In the listing below, find the line that contains "Which defects of" and the line that contains "Here are damaged". Quote both and every line between them, exactly, and nothing more.

=== Material for this task ===
-*-*-

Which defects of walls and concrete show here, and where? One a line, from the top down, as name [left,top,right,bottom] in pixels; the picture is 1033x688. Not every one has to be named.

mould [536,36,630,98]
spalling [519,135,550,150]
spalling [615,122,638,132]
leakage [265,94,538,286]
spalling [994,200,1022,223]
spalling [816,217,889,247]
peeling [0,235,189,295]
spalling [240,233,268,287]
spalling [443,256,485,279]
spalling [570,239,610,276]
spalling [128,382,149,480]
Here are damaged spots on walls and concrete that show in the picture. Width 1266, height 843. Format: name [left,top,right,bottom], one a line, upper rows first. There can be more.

-*-*-

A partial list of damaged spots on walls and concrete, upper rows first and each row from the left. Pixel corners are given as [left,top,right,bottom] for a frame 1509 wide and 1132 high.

-*-*-

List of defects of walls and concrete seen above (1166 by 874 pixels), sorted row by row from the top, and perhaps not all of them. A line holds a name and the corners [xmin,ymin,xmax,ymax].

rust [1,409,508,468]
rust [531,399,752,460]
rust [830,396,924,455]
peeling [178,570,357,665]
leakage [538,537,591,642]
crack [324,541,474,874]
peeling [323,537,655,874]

-*-*-

=== Written solution ===
Which defects of walls and concrete show here, and where? One a line, from the top down, as name [left,top,right,bottom] in pixels; the picture is 1033x688. Not every one has to be named.

mould [536,36,630,98]
spalling [519,135,550,150]
spalling [615,122,638,132]
leakage [265,94,538,286]
spalling [994,200,1022,223]
spalling [816,217,889,247]
peeling [0,235,189,295]
spalling [240,233,268,287]
spalling [443,256,485,279]
spalling [570,239,610,276]
spalling [128,382,149,480]
Here are damaged spots on walls and concrete that show in the picture. Width 1266, height 843. Format: name [left,top,right,bottom], one a line, upper rows first. There can be more.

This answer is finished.